If you like pointing out beautiful scenery to three people who are on their phones, a family road trip is for you!
normalize having existential bread
Why do people always assume it’s a compliment when I tell them their baby looks just like them . . .
Ghost cat: how’d you die?
Ghost dog: i bit a guy that ran over my best pal and they put me down
GC: i got hit by a car
GD: I know
GC: ilu
John: we need a new word for foolishness
Tom: How about johnfoolery lol
John: Ok that’s definitely what I’m writing down
When I die, I’m going out guns blazing with all hell coming with me.
*Dies eating gas station sushi
If mediums can converse with the dead, imagine what a bunch of larges would do
Age is just a number. Unfortunately it’s a number that just keeps getting bigger and bigger.

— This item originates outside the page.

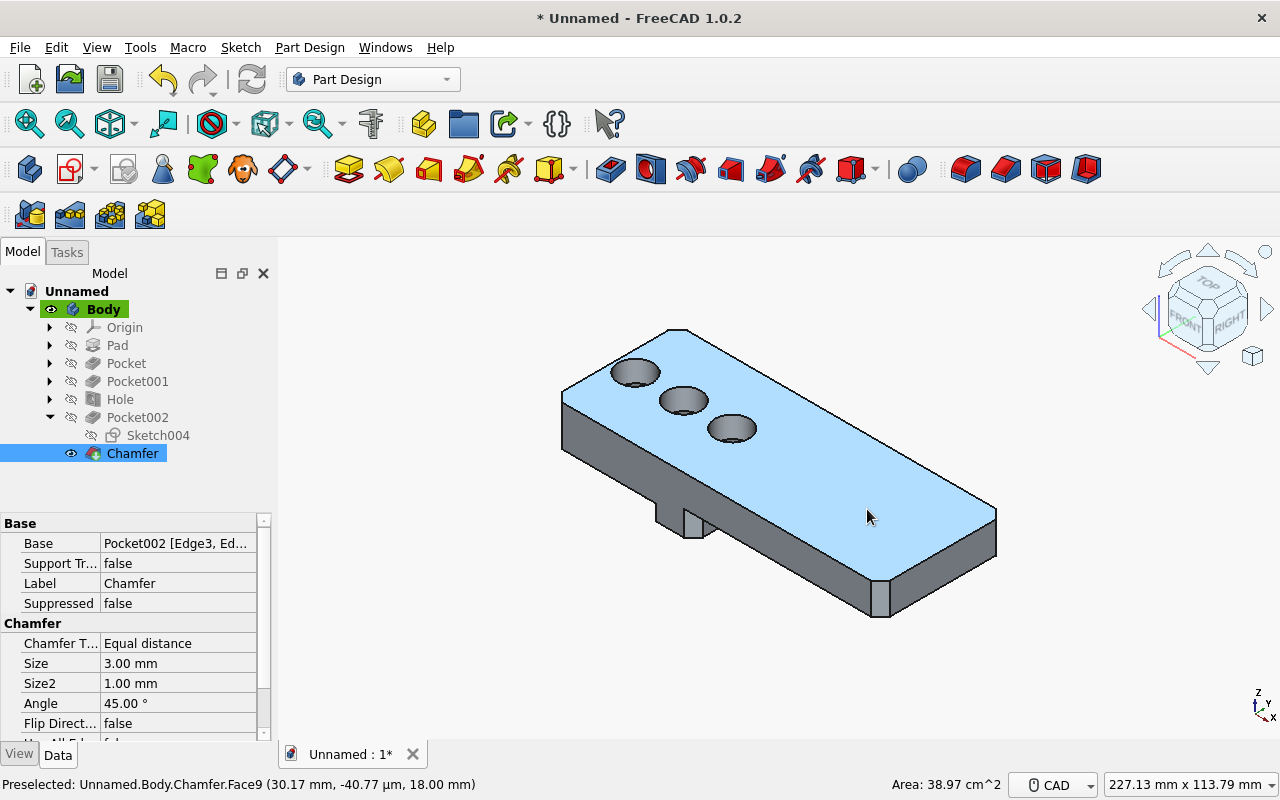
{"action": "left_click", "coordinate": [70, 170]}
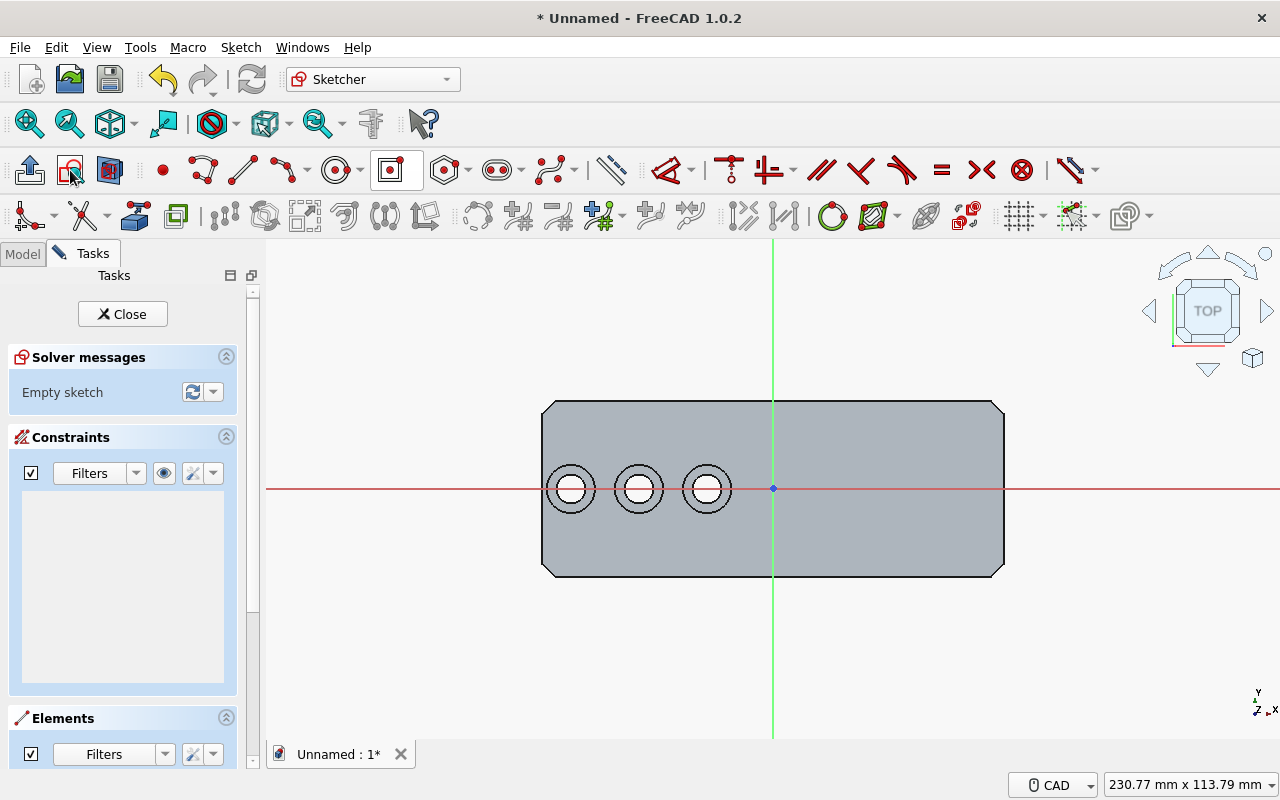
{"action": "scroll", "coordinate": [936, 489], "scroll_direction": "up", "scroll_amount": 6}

We will use anything but the metric system
13: I’m hungry… can I have a snack?
Me: what do you want?
13: what do we have?
Me: the same things we always have
13: like what tho
OMG. I saw Leonardo da Vinci trending and thought he died.
If you see a guy faceplant into an automatic door, come up and say hi
Little kids will ask why you’re crying & when you tell them the reason, they say something like “ok can I go finish my drawing?” Yeah go ahead, Dexter
If that earthquake had waited three days we would have a whole new major religion by now
I’ll bet the first ever drive thru window resulted in an incredible amount of broken glass.
No thanks, Downward dog.
I’m already busy with Downward spiral.
Last time I went trick or treating, a high school bully stole my candy. Later I heard he spent 10yrs in prison which is totally unbelievable because I didn’t press charges.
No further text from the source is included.